● **Goal of the exercise**:
Write out, without any change, the lines in the material below that run from the line with "margin-top: 50px;" through the line with "if (imageUrl !== null", both included.
** Records provided follows **
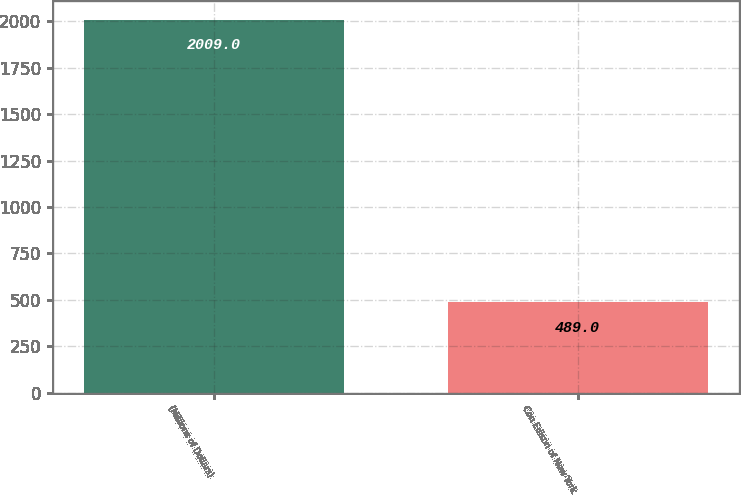<chart> <loc_0><loc_0><loc_500><loc_500><bar_chart><fcel>(Millions of Dollars)<fcel>Con Edison of New York<nl><fcel>2009<fcel>489<nl></chart> 
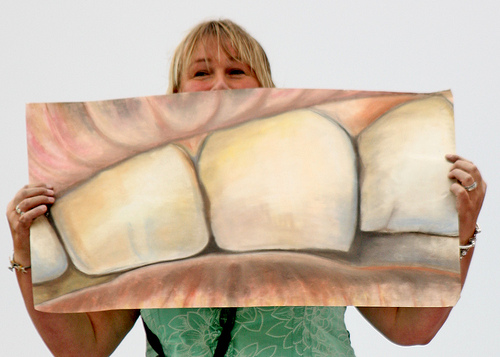<image>
Is there a woman behind the painting? Yes. From this viewpoint, the woman is positioned behind the painting, with the painting partially or fully occluding the woman. Is there a woman next to the art? No. The woman is not positioned next to the art. They are located in different areas of the scene. 
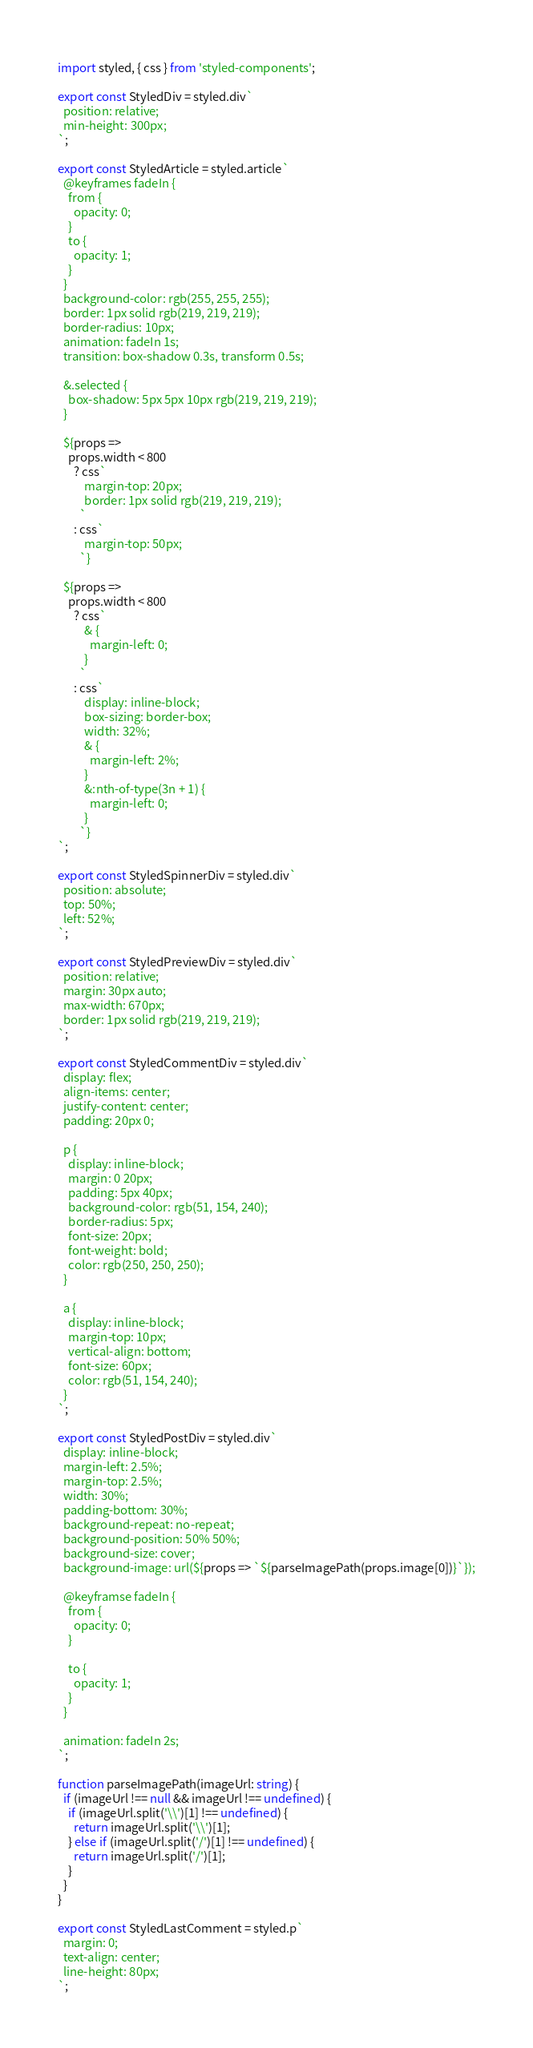Convert code to text. <code><loc_0><loc_0><loc_500><loc_500><_TypeScript_>import styled, { css } from 'styled-components';

export const StyledDiv = styled.div`
  position: relative;
  min-height: 300px;
`;

export const StyledArticle = styled.article`
  @keyframes fadeIn {
    from {
      opacity: 0;
    }
    to {
      opacity: 1;
    }
  }
  background-color: rgb(255, 255, 255);
  border: 1px solid rgb(219, 219, 219);
  border-radius: 10px;
  animation: fadeIn 1s;
  transition: box-shadow 0.3s, transform 0.5s;

  &.selected {
    box-shadow: 5px 5px 10px rgb(219, 219, 219);
  }

  ${props =>
    props.width < 800
      ? css`
          margin-top: 20px;
          border: 1px solid rgb(219, 219, 219);
        `
      : css`
          margin-top: 50px;
        `}

  ${props =>
    props.width < 800
      ? css`
          & {
            margin-left: 0;
          }
        `
      : css`
          display: inline-block;
          box-sizing: border-box;
          width: 32%;
          & {
            margin-left: 2%;
          }
          &:nth-of-type(3n + 1) {
            margin-left: 0;
          }
        `}
`;

export const StyledSpinnerDiv = styled.div`
  position: absolute;
  top: 50%;
  left: 52%;
`;

export const StyledPreviewDiv = styled.div`
  position: relative;
  margin: 30px auto;
  max-width: 670px;
  border: 1px solid rgb(219, 219, 219);
`;

export const StyledCommentDiv = styled.div`
  display: flex;
  align-items: center;
  justify-content: center;
  padding: 20px 0;

  p {
    display: inline-block;
    margin: 0 20px;
    padding: 5px 40px;
    background-color: rgb(51, 154, 240);
    border-radius: 5px;
    font-size: 20px;
    font-weight: bold;
    color: rgb(250, 250, 250);
  }

  a {
    display: inline-block;
    margin-top: 10px;
    vertical-align: bottom;
    font-size: 60px;
    color: rgb(51, 154, 240);
  }
`;

export const StyledPostDiv = styled.div`
  display: inline-block;
  margin-left: 2.5%;
  margin-top: 2.5%;
  width: 30%;
  padding-bottom: 30%;
  background-repeat: no-repeat;
  background-position: 50% 50%;
  background-size: cover;
  background-image: url(${props => `${parseImagePath(props.image[0])}`});

  @keyframse fadeIn {
    from {
      opacity: 0;
    }

    to {
      opacity: 1;
    }
  }

  animation: fadeIn 2s;
`;

function parseImagePath(imageUrl: string) {
  if (imageUrl !== null && imageUrl !== undefined) {
    if (imageUrl.split('\\')[1] !== undefined) {
      return imageUrl.split('\\')[1];
    } else if (imageUrl.split('/')[1] !== undefined) {
      return imageUrl.split('/')[1];
    }
  }
}

export const StyledLastComment = styled.p`
  margin: 0;
  text-align: center;
  line-height: 80px;
`;</code> 
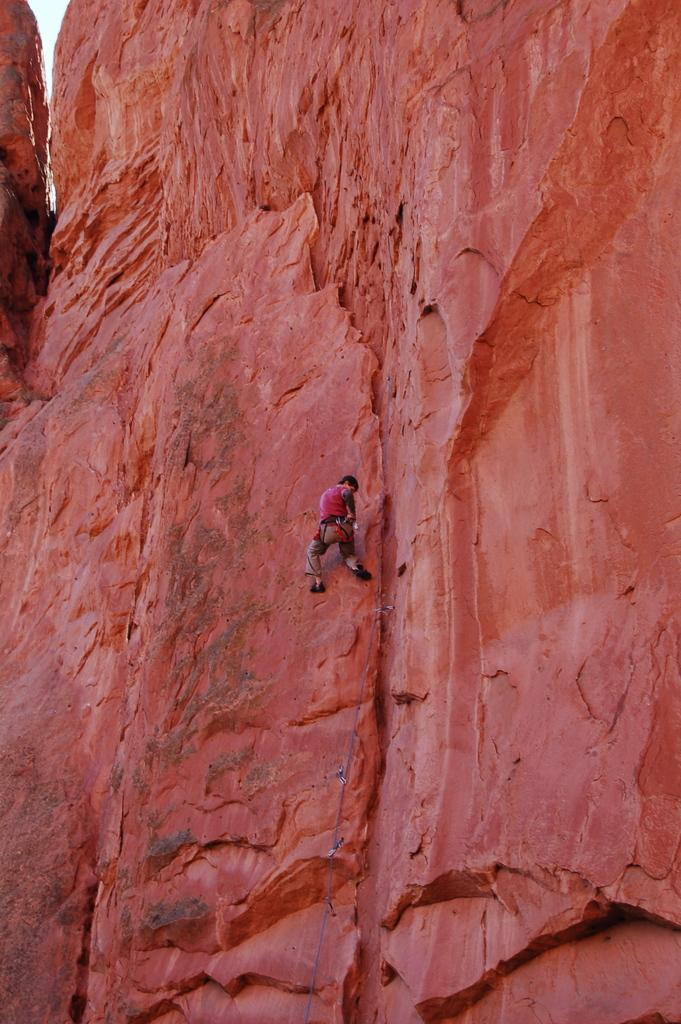What type of landscape is depicted in the image? There are red rock hills in the image. Can you describe any living beings in the image? There is a person in the image. What type of animal can be seen grazing in the red rock hills in the image? There are no animals visible in the image; it only features red rock hills and a person. Can you tell me how much oil is being extracted from the red rock hills in the image? There is no indication of oil extraction in the image; it only features red rock hills and a person. 
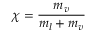Convert formula to latex. <formula><loc_0><loc_0><loc_500><loc_500>\chi = { \frac { m _ { v } } { m _ { l } + m _ { v } } }</formula> 
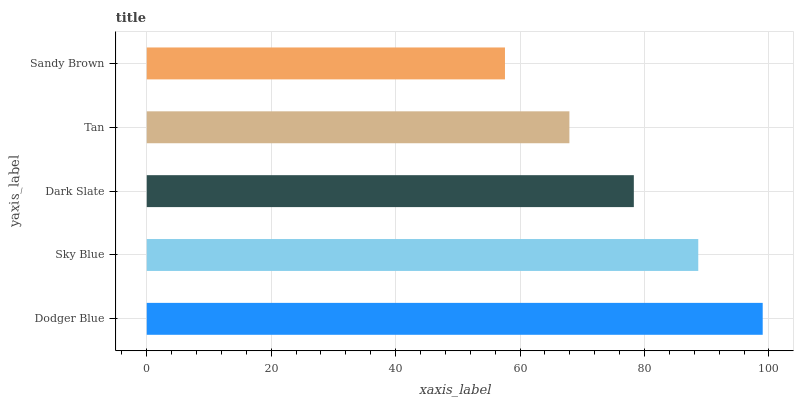Is Sandy Brown the minimum?
Answer yes or no. Yes. Is Dodger Blue the maximum?
Answer yes or no. Yes. Is Sky Blue the minimum?
Answer yes or no. No. Is Sky Blue the maximum?
Answer yes or no. No. Is Dodger Blue greater than Sky Blue?
Answer yes or no. Yes. Is Sky Blue less than Dodger Blue?
Answer yes or no. Yes. Is Sky Blue greater than Dodger Blue?
Answer yes or no. No. Is Dodger Blue less than Sky Blue?
Answer yes or no. No. Is Dark Slate the high median?
Answer yes or no. Yes. Is Dark Slate the low median?
Answer yes or no. Yes. Is Sandy Brown the high median?
Answer yes or no. No. Is Sandy Brown the low median?
Answer yes or no. No. 
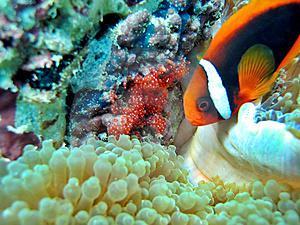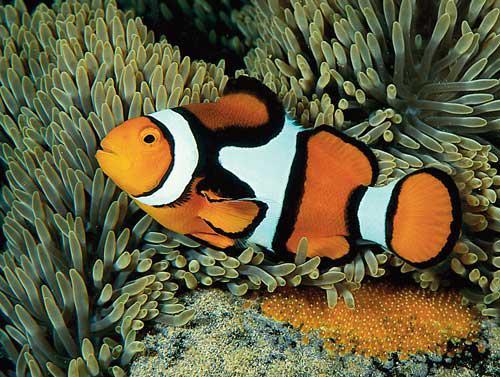The first image is the image on the left, the second image is the image on the right. Analyze the images presented: Is the assertion "One image shows a single prominent clownfish with head and body facing left, in front of neutral-colored anemone tendrils." valid? Answer yes or no. Yes. The first image is the image on the left, the second image is the image on the right. Assess this claim about the two images: "At least 2 clown fish are swimming near a large sea urchin.". Correct or not? Answer yes or no. No. 
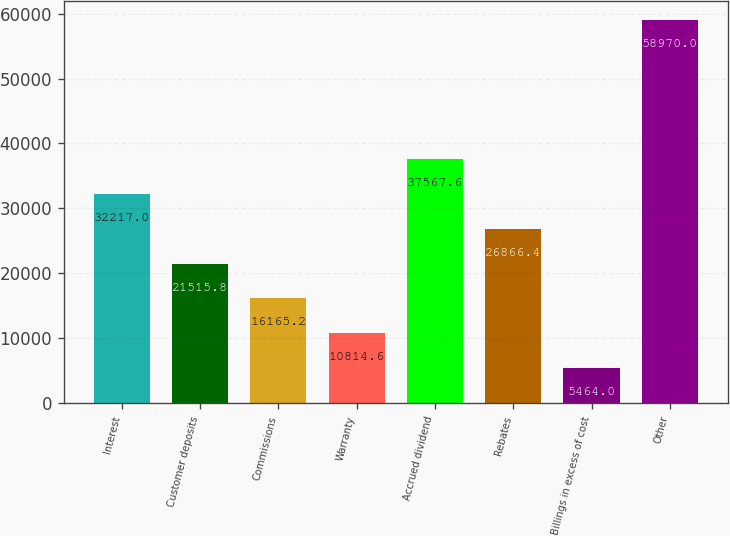Convert chart to OTSL. <chart><loc_0><loc_0><loc_500><loc_500><bar_chart><fcel>Interest<fcel>Customer deposits<fcel>Commissions<fcel>Warranty<fcel>Accrued dividend<fcel>Rebates<fcel>Billings in excess of cost<fcel>Other<nl><fcel>32217<fcel>21515.8<fcel>16165.2<fcel>10814.6<fcel>37567.6<fcel>26866.4<fcel>5464<fcel>58970<nl></chart> 
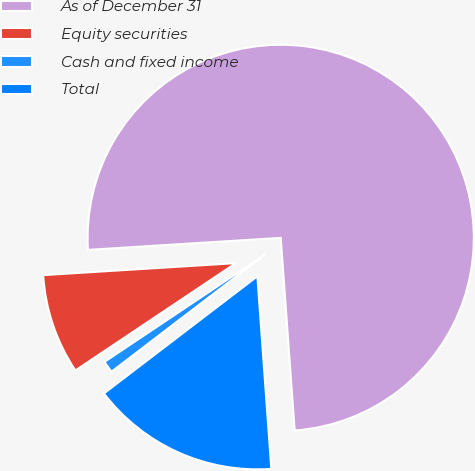Convert chart. <chart><loc_0><loc_0><loc_500><loc_500><pie_chart><fcel>As of December 31<fcel>Equity securities<fcel>Cash and fixed income<fcel>Total<nl><fcel>74.84%<fcel>8.39%<fcel>1.0%<fcel>15.77%<nl></chart> 
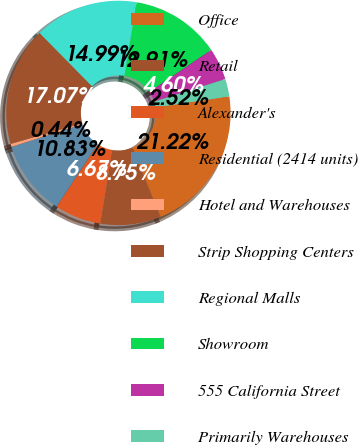Convert chart to OTSL. <chart><loc_0><loc_0><loc_500><loc_500><pie_chart><fcel>Office<fcel>Retail<fcel>Alexander's<fcel>Residential (2414 units)<fcel>Hotel and Warehouses<fcel>Strip Shopping Centers<fcel>Regional Malls<fcel>Showroom<fcel>555 California Street<fcel>Primarily Warehouses<nl><fcel>21.22%<fcel>8.75%<fcel>6.67%<fcel>10.83%<fcel>0.44%<fcel>17.07%<fcel>14.99%<fcel>12.91%<fcel>4.6%<fcel>2.52%<nl></chart> 
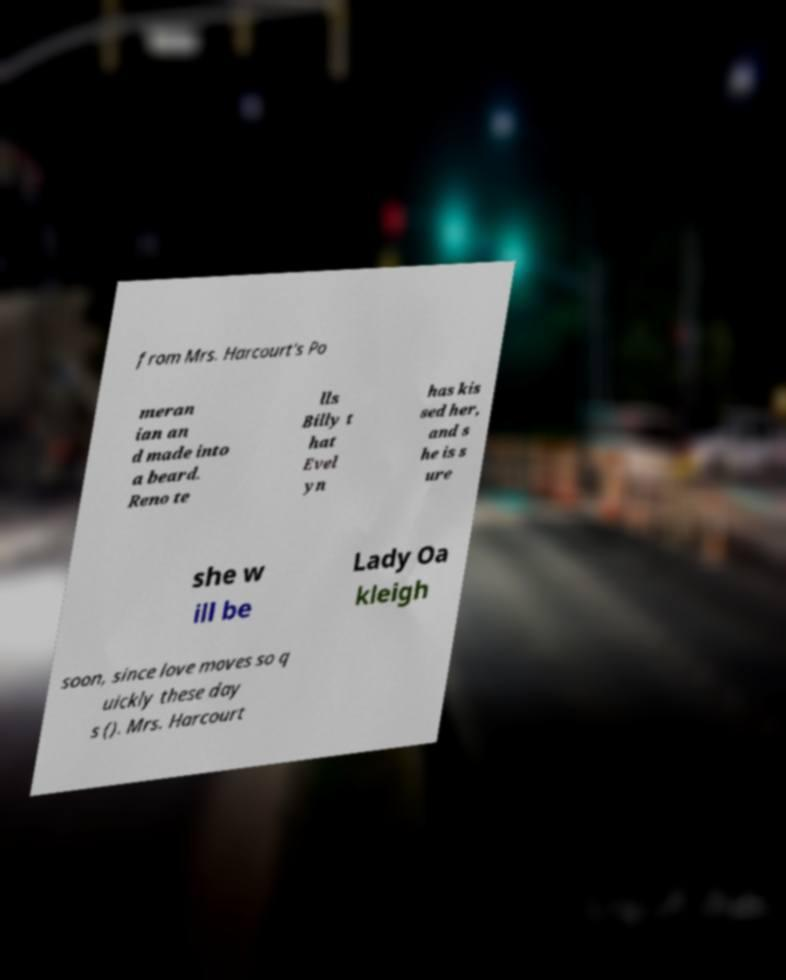Please read and relay the text visible in this image. What does it say? from Mrs. Harcourt's Po meran ian an d made into a beard. Reno te lls Billy t hat Evel yn has kis sed her, and s he is s ure she w ill be Lady Oa kleigh soon, since love moves so q uickly these day s (). Mrs. Harcourt 
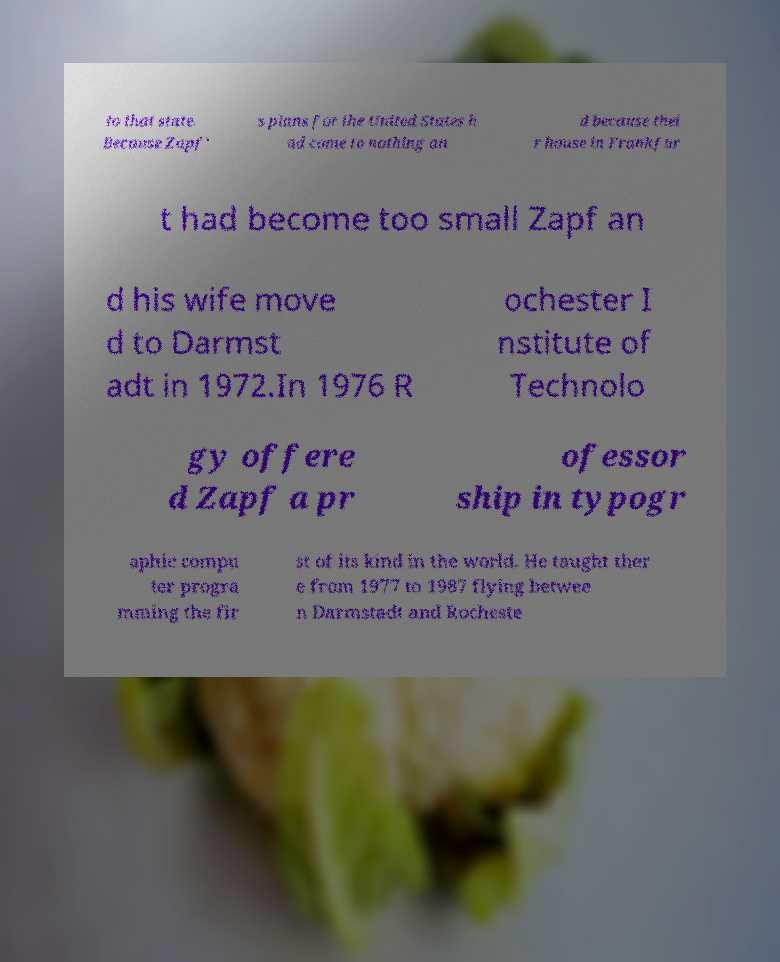Please identify and transcribe the text found in this image. to that state. Because Zapf' s plans for the United States h ad come to nothing an d because thei r house in Frankfur t had become too small Zapf an d his wife move d to Darmst adt in 1972.In 1976 R ochester I nstitute of Technolo gy offere d Zapf a pr ofessor ship in typogr aphic compu ter progra mming the fir st of its kind in the world. He taught ther e from 1977 to 1987 flying betwee n Darmstadt and Rocheste 
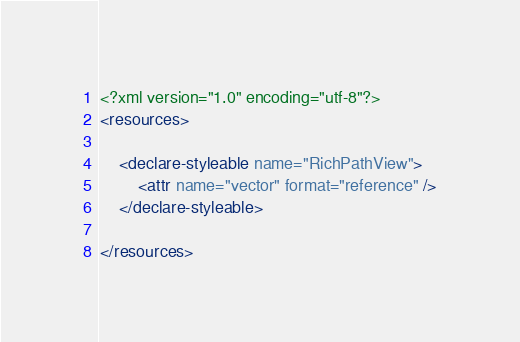Convert code to text. <code><loc_0><loc_0><loc_500><loc_500><_XML_><?xml version="1.0" encoding="utf-8"?>
<resources>

    <declare-styleable name="RichPathView">
        <attr name="vector" format="reference" />
    </declare-styleable>

</resources></code> 
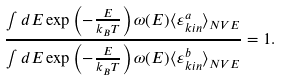<formula> <loc_0><loc_0><loc_500><loc_500>\frac { \int d E \exp \left ( - \frac { E } { k _ { B } T } \right ) \omega ( E ) \langle \varepsilon _ { k i n } ^ { a } \rangle _ { N V E } } { \int d E \exp \left ( - \frac { E } { k _ { B } T } \right ) \omega ( E ) \langle \varepsilon _ { k i n } ^ { b } \rangle _ { N V E } } = 1 .</formula>
** End of Records provided **
● **Answer box**:
          margin-top: 50px;
        `}

  ${props =>
    props.width < 800
      ? css`
          & {
            margin-left: 0;
          }
        `
      : css`
          display: inline-block;
          box-sizing: border-box;
          width: 32%;
          & {
            margin-left: 2%;
          }
          &:nth-of-type(3n + 1) {
            margin-left: 0;
          }
        `}
`;

export const StyledSpinnerDiv = styled.div`
  position: absolute;
  top: 50%;
  left: 52%;
`;

export const StyledPreviewDiv = styled.div`
  position: relative;
  margin: 30px auto;
  max-width: 670px;
  border: 1px solid rgb(219, 219, 219);
`;

export const StyledCommentDiv = styled.div`
  display: flex;
  align-items: center;
  justify-content: center;
  padding: 20px 0;

  p {
    display: inline-block;
    margin: 0 20px;
    padding: 5px 40px;
    background-color: rgb(51, 154, 240);
    border-radius: 5px;
    font-size: 20px;
    font-weight: bold;
    color: rgb(250, 250, 250);
  }

  a {
    display: inline-block;
    margin-top: 10px;
    vertical-align: bottom;
    font-size: 60px;
    color: rgb(51, 154, 240);
  }
`;

export const StyledPostDiv = styled.div`
  display: inline-block;
  margin-left: 2.5%;
  margin-top: 2.5%;
  width: 30%;
  padding-bottom: 30%;
  background-repeat: no-repeat;
  background-position: 50% 50%;
  background-size: cover;
  background-image: url(${props => `${parseImagePath(props.image[0])}`});

  @keyframse fadeIn {
    from {
      opacity: 0;
    }

    to {
      opacity: 1;
    }
  }

  animation: fadeIn 2s;
`;

function parseImagePath(imageUrl: string) {
  if (imageUrl !== null && imageUrl !== undefined) {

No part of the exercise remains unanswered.